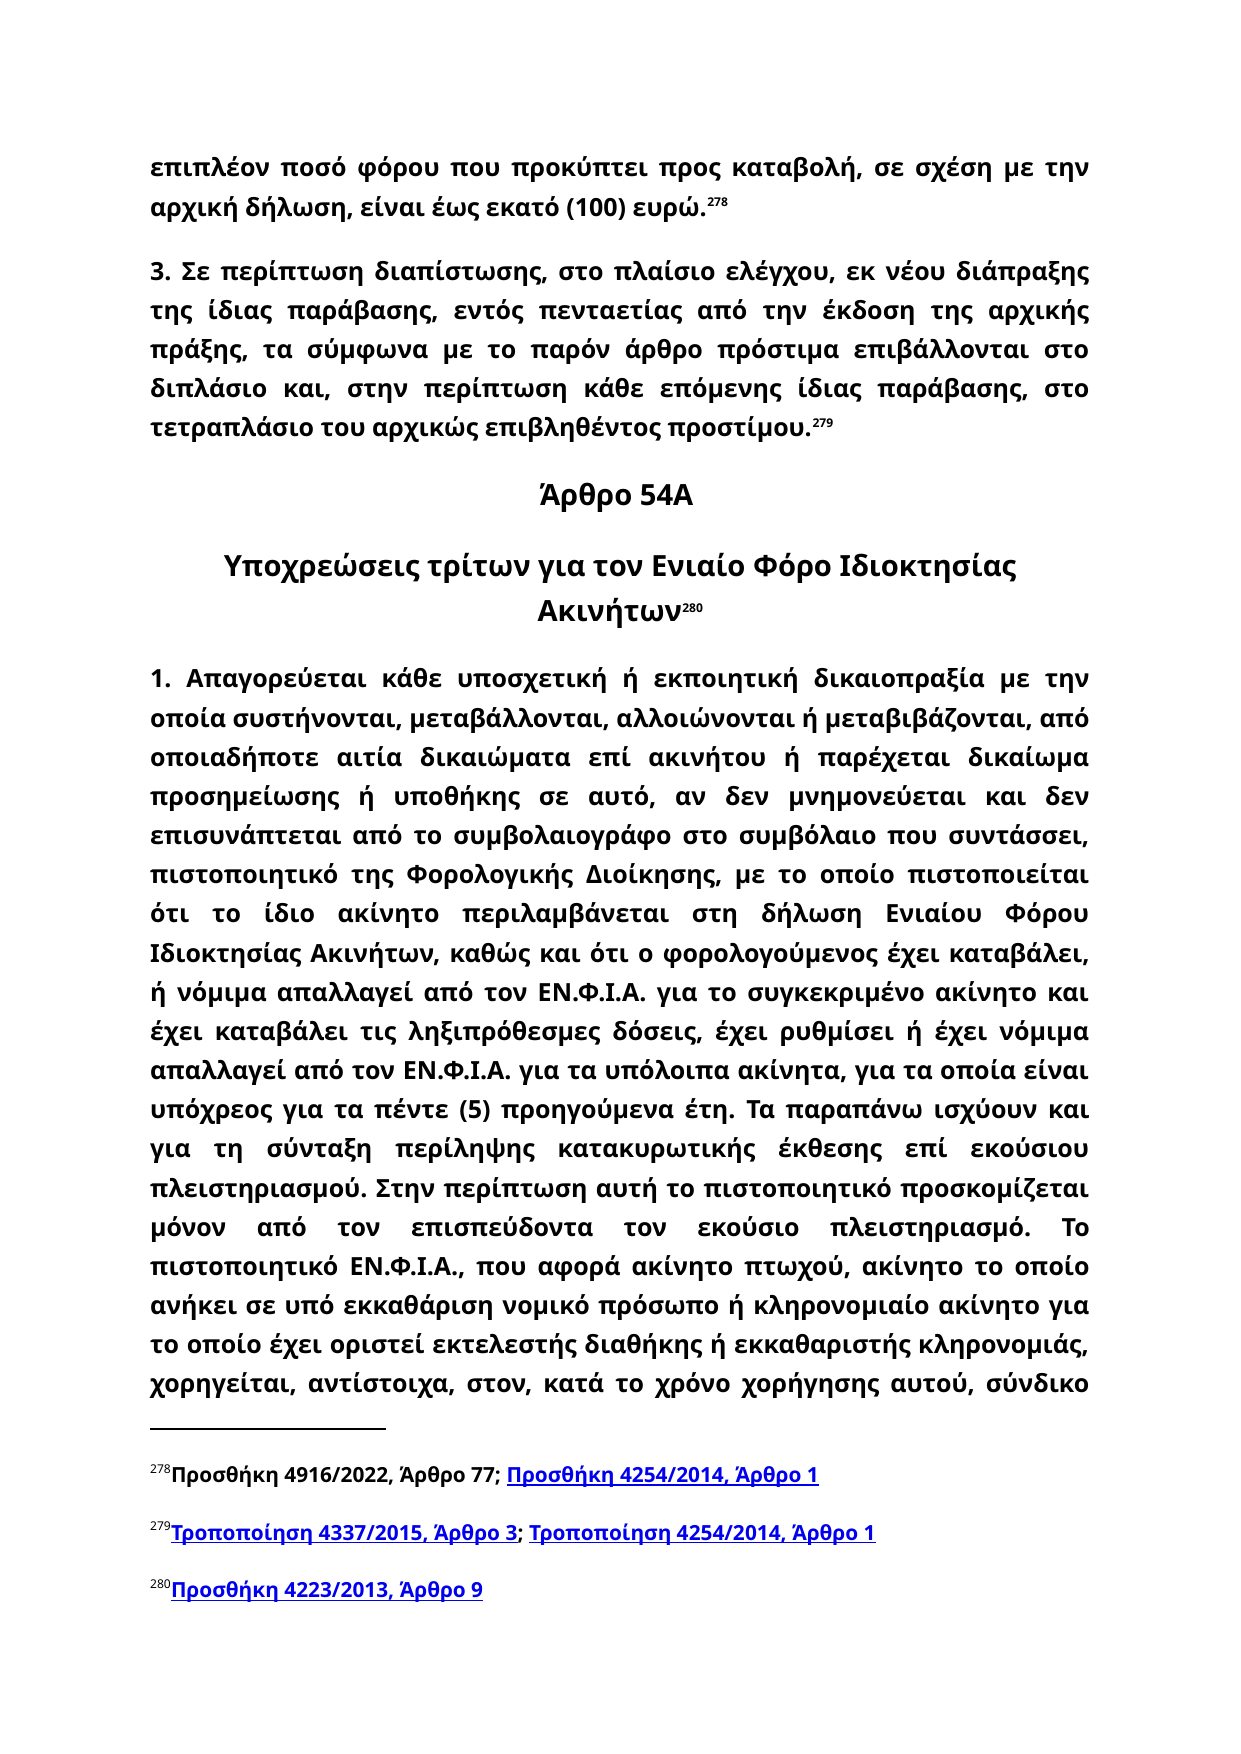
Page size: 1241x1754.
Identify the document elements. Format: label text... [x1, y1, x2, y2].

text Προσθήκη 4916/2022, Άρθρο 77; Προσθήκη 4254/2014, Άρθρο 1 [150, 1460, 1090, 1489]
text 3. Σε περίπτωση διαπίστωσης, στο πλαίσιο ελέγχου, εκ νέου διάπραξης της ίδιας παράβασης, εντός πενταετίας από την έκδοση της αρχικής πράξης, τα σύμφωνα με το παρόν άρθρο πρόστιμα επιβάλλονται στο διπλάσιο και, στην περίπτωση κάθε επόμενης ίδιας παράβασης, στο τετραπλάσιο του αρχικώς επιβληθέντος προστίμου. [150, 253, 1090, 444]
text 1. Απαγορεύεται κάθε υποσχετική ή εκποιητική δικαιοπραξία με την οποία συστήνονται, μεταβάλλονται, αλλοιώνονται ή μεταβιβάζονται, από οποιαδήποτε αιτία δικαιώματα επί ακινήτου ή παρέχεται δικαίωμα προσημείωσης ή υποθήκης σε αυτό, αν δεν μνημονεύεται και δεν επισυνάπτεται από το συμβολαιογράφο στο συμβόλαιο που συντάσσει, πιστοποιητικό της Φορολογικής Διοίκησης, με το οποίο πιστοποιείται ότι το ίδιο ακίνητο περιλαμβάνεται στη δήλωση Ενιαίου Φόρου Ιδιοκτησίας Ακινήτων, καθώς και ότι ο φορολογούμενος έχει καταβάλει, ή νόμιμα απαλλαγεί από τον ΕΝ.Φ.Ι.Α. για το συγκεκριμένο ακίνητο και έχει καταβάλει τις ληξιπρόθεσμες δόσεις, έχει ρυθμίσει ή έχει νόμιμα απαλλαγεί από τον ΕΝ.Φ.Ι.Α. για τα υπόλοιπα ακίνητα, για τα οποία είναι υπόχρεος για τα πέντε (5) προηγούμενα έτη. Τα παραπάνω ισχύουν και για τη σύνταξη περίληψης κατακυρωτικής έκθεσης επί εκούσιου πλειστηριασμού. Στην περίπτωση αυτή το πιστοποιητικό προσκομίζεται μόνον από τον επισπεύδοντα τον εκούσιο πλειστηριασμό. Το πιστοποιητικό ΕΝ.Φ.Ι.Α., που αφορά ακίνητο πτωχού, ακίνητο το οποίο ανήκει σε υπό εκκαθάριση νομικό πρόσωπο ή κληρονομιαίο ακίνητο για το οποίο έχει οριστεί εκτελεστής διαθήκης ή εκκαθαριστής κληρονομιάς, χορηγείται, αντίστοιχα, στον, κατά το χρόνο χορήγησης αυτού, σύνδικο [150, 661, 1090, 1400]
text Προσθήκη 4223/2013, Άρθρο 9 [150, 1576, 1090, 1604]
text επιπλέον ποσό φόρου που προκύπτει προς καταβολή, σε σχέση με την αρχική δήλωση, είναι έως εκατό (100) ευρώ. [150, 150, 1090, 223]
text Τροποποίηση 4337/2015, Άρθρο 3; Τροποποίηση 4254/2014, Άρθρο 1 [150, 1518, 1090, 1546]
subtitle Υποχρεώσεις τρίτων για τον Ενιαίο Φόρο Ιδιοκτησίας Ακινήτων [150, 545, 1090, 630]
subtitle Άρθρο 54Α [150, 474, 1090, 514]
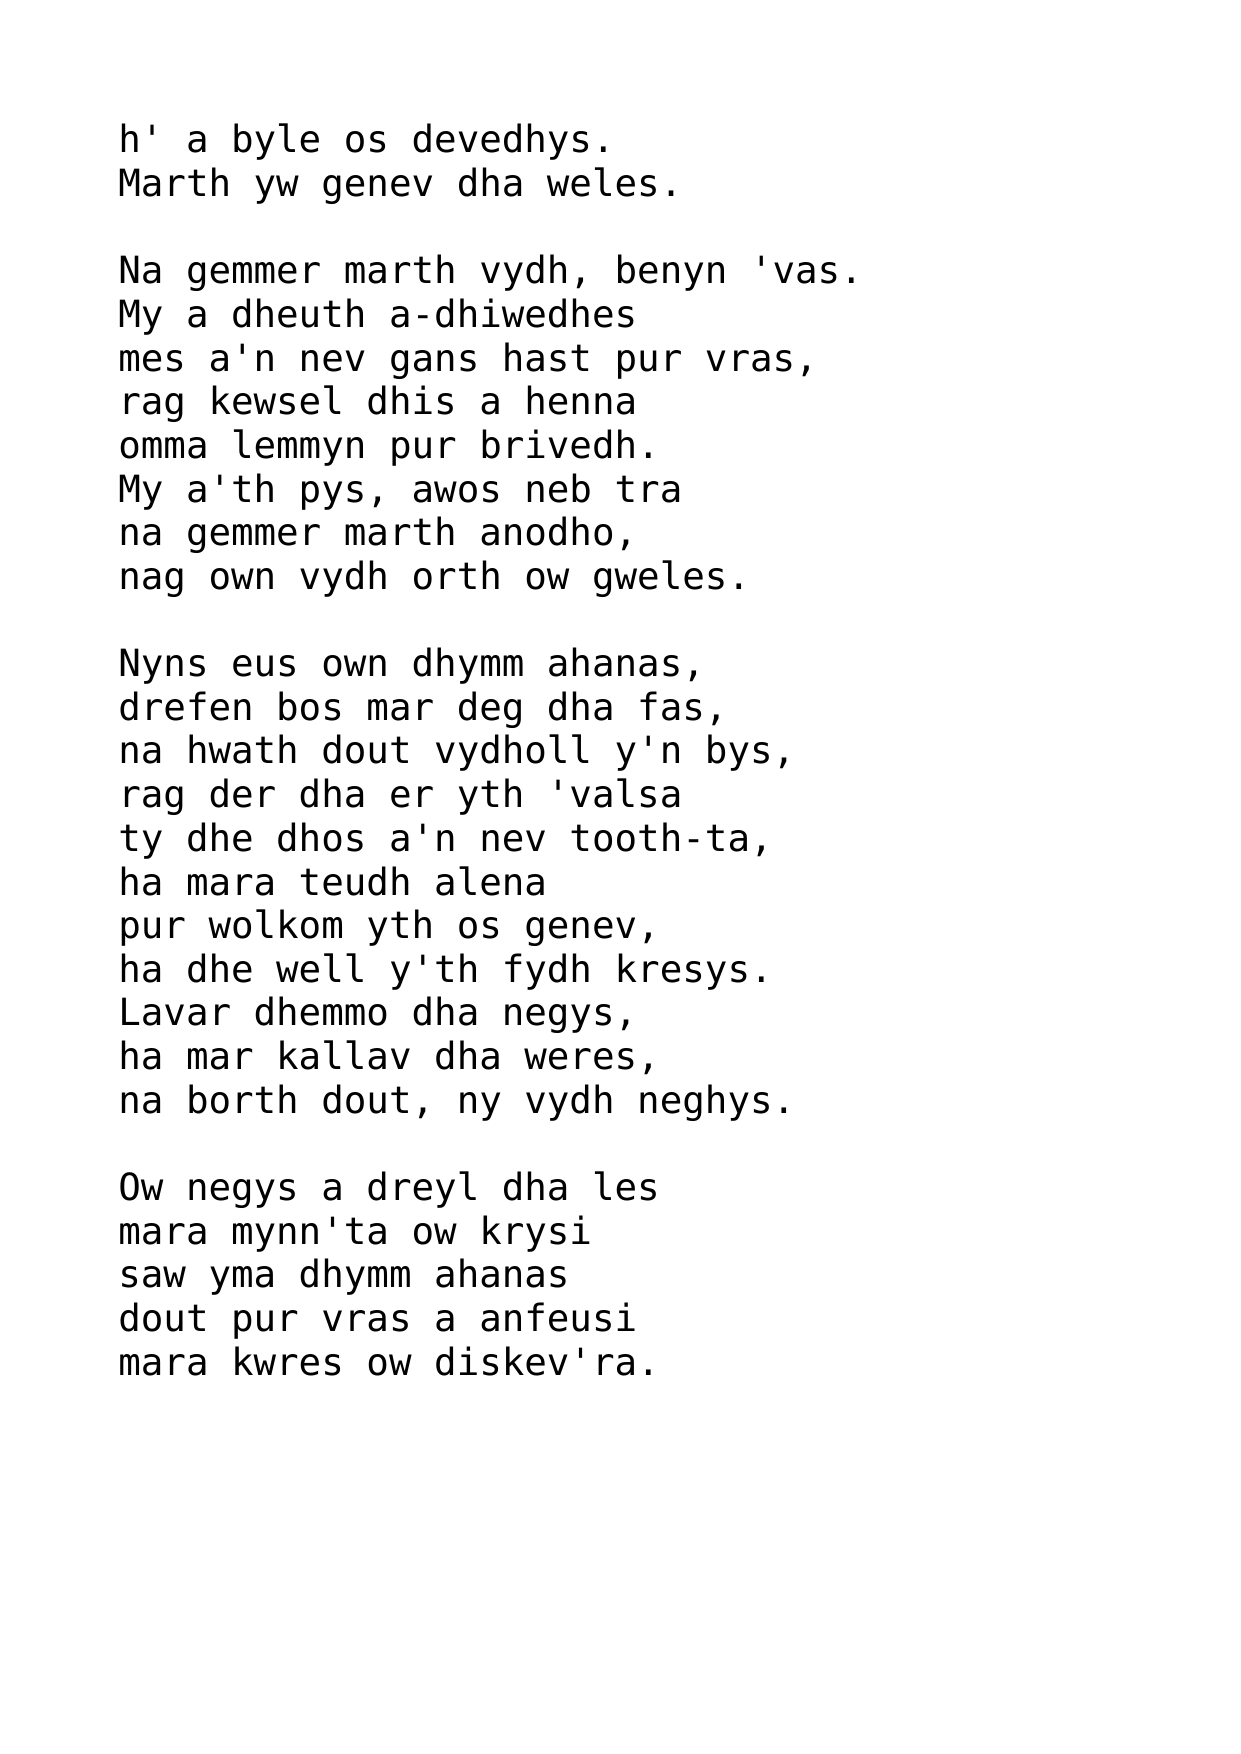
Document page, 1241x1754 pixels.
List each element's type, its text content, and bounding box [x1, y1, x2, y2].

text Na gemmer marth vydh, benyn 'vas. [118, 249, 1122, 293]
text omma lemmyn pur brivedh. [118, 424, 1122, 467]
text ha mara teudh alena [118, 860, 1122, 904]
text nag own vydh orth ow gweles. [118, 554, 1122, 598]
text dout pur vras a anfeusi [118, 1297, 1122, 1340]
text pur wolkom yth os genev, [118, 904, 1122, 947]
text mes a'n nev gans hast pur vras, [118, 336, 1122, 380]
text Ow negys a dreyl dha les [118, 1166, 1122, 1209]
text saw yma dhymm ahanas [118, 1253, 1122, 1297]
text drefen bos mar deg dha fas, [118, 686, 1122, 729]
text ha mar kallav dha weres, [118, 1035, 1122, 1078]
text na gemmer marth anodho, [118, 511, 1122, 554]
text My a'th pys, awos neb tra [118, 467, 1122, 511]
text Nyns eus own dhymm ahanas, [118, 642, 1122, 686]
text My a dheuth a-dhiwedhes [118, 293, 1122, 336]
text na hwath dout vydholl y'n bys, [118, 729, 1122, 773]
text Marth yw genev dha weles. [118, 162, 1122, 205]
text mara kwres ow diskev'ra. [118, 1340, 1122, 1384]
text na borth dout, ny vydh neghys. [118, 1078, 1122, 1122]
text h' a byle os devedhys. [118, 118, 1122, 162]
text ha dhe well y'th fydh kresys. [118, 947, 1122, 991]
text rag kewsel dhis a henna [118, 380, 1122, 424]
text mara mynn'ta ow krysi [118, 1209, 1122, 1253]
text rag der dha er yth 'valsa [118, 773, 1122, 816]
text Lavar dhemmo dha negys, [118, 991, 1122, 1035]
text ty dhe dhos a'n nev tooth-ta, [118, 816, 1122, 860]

===============

> [Required action] Nothing should appear in the answer except the lines above from the line with "text ha mara" through the line with "text mes a'n", both included, written out exactly.

> [Response for this exercise]
text ha mara teudh alena [118, 860, 1122, 904]
text nag own vydh orth ow gweles. [118, 554, 1122, 598]
text dout pur vras a anfeusi [118, 1297, 1122, 1340]
text pur wolkom yth os genev, [118, 904, 1122, 947]
text mes a'n nev gans hast pur vras, [118, 336, 1122, 380]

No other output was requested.